● Required action
Within the records below, how many lines contain "vector"? The answer is that number alone.
START Data provided
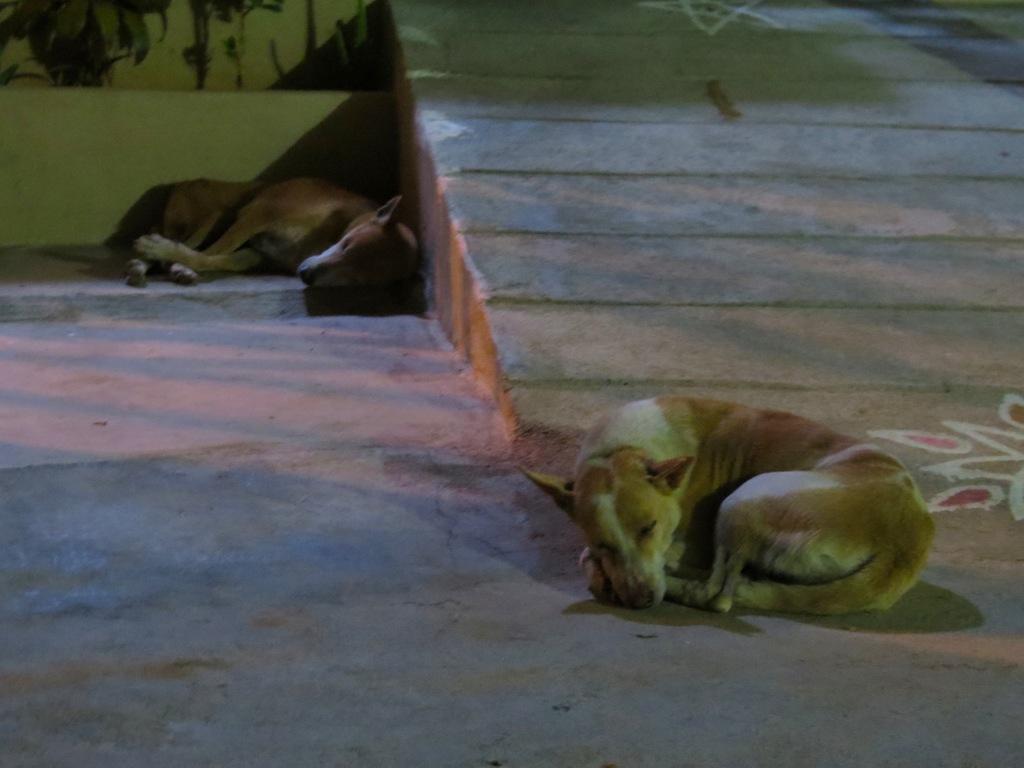Please provide a concise description of this image. This picture is clicked outside and we can see the two dogs sleeping on the ground. In the background we can see the leaves and some other objects. 
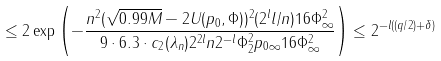<formula> <loc_0><loc_0><loc_500><loc_500>\leq 2 \exp \left ( - \frac { n ^ { 2 } ( \sqrt { 0 . 9 9 M } - 2 U ( p _ { 0 } , \Phi ) ) ^ { 2 } ( 2 ^ { l } l / n ) 1 6 \| \Phi \| _ { \infty } ^ { 2 } } { 9 \cdot 6 . 3 \cdot c _ { 2 } ( \lambda _ { n } ) 2 ^ { 2 l } n 2 ^ { - l } \| \Phi \| _ { 2 } ^ { 2 } \| p _ { 0 } \| _ { \infty } 1 6 \| \Phi \| _ { \infty } ^ { 2 } } \right ) \leq 2 ^ { - l ( ( q / 2 ) + \delta ) }</formula> 
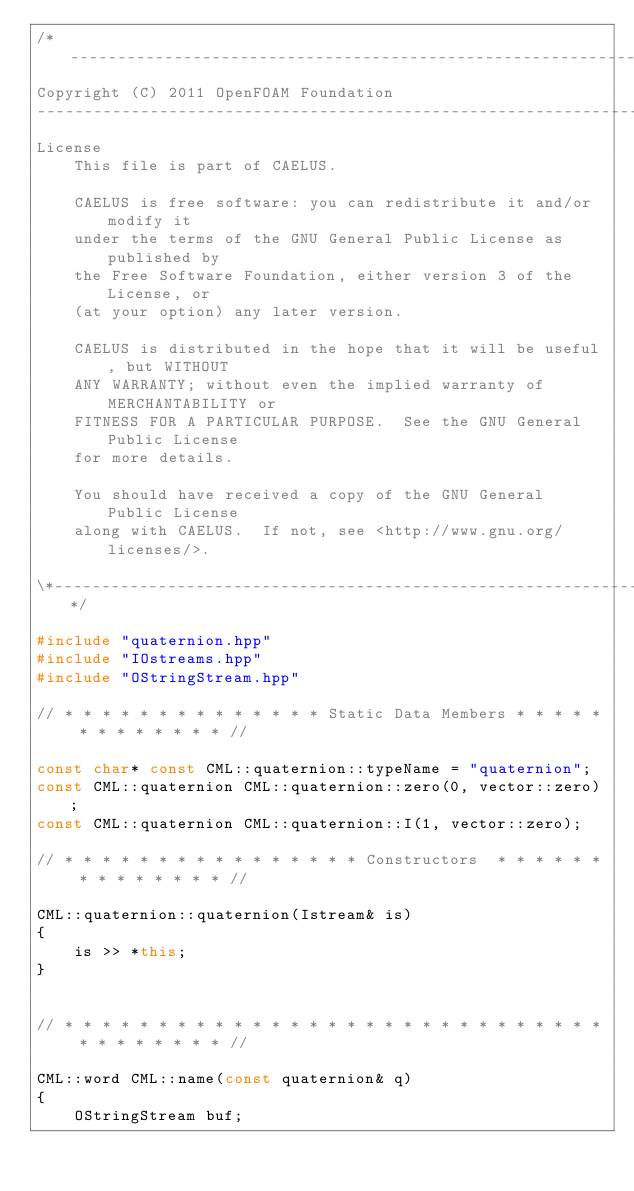Convert code to text. <code><loc_0><loc_0><loc_500><loc_500><_C++_>/*---------------------------------------------------------------------------*\
Copyright (C) 2011 OpenFOAM Foundation
-------------------------------------------------------------------------------
License
    This file is part of CAELUS.

    CAELUS is free software: you can redistribute it and/or modify it
    under the terms of the GNU General Public License as published by
    the Free Software Foundation, either version 3 of the License, or
    (at your option) any later version.

    CAELUS is distributed in the hope that it will be useful, but WITHOUT
    ANY WARRANTY; without even the implied warranty of MERCHANTABILITY or
    FITNESS FOR A PARTICULAR PURPOSE.  See the GNU General Public License
    for more details.

    You should have received a copy of the GNU General Public License
    along with CAELUS.  If not, see <http://www.gnu.org/licenses/>.

\*---------------------------------------------------------------------------*/

#include "quaternion.hpp"
#include "IOstreams.hpp"
#include "OStringStream.hpp"

// * * * * * * * * * * * * * * Static Data Members * * * * * * * * * * * * * //

const char* const CML::quaternion::typeName = "quaternion";
const CML::quaternion CML::quaternion::zero(0, vector::zero);
const CML::quaternion CML::quaternion::I(1, vector::zero);

// * * * * * * * * * * * * * * * * Constructors  * * * * * * * * * * * * * * //

CML::quaternion::quaternion(Istream& is)
{
    is >> *this;
}


// * * * * * * * * * * * * * * * * * * * * * * * * * * * * * * * * * * * * * //

CML::word CML::name(const quaternion& q)
{
    OStringStream buf;</code> 
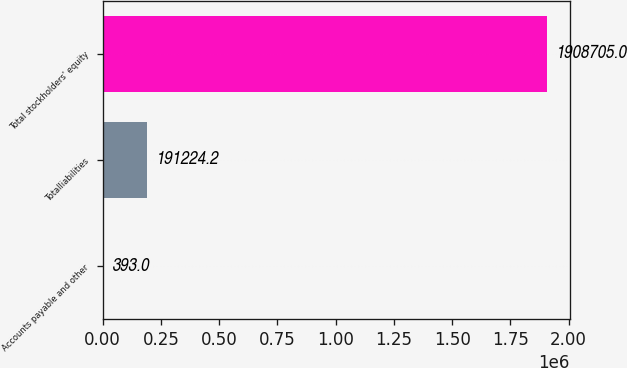<chart> <loc_0><loc_0><loc_500><loc_500><bar_chart><fcel>Accounts payable and other<fcel>Totalliabilities<fcel>Total stockholders' equity<nl><fcel>393<fcel>191224<fcel>1.9087e+06<nl></chart> 
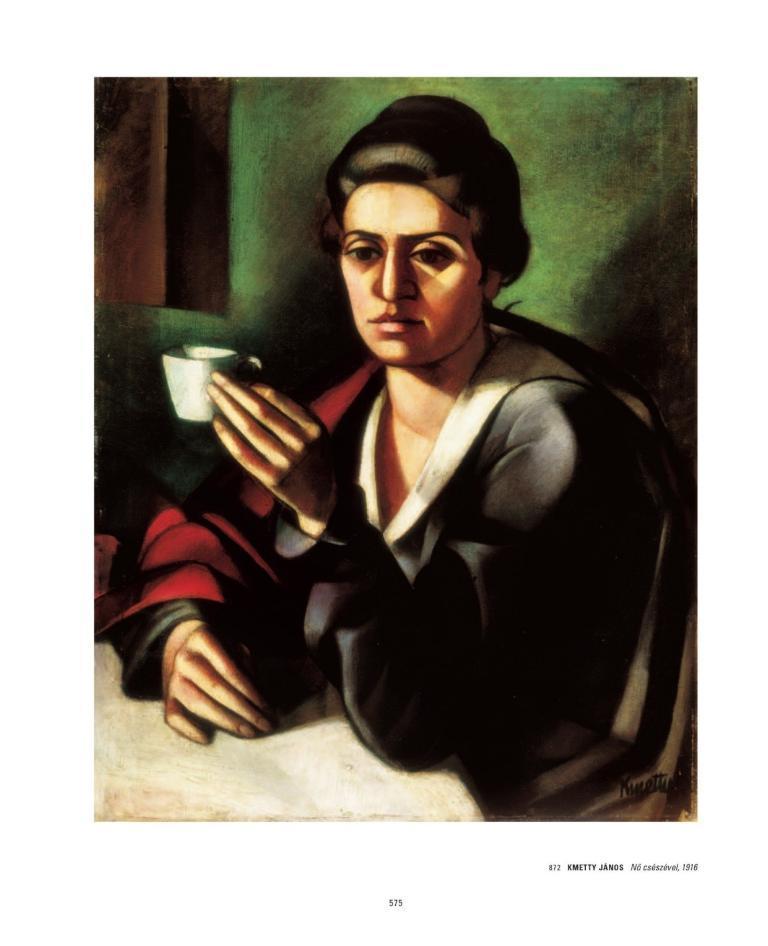Can you describe this image briefly? In this picture we can see painting. There is a woman sitting on a chair and holding a cup and we can see table, behind her we can see wall. At the bottom of the image we can see text and numbers. 
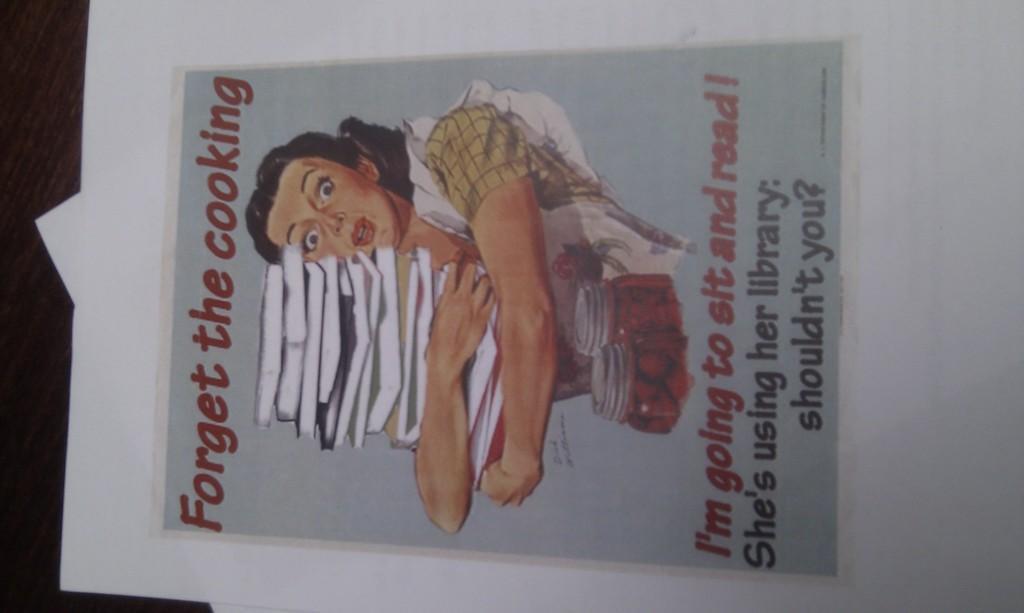In one or two sentences, can you explain what this image depicts? In this picture we can see book and papers on the table. In this paper we can see a woman who is holding many books, beside her we can see the two cans. On the right of the page we can see something is written. 
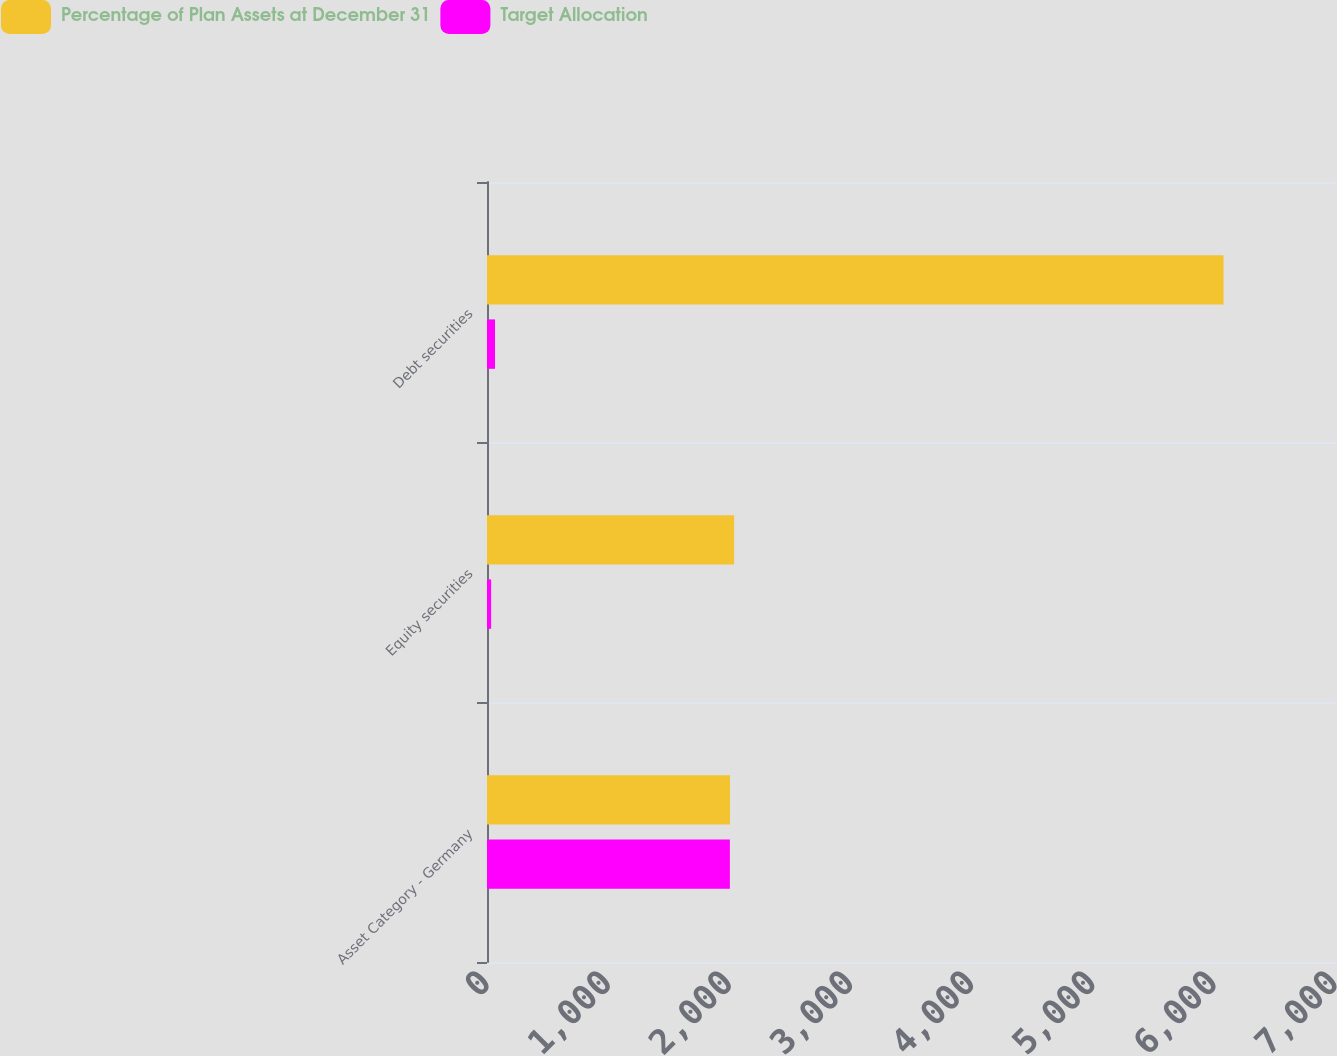<chart> <loc_0><loc_0><loc_500><loc_500><stacked_bar_chart><ecel><fcel>Asset Category - Germany<fcel>Equity securities<fcel>Debt securities<nl><fcel>Percentage of Plan Assets at December 31<fcel>2006<fcel>2040<fcel>6080<nl><fcel>Target Allocation<fcel>2005<fcel>34<fcel>66<nl></chart> 
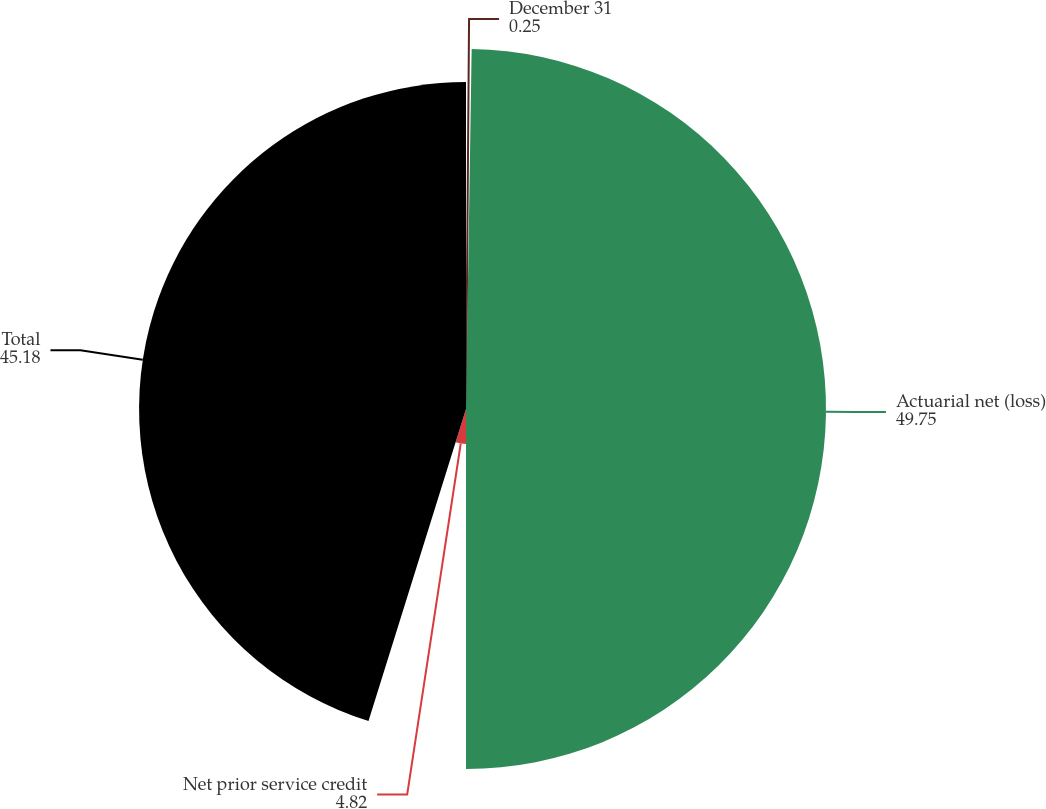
END Data provided
● Task output
2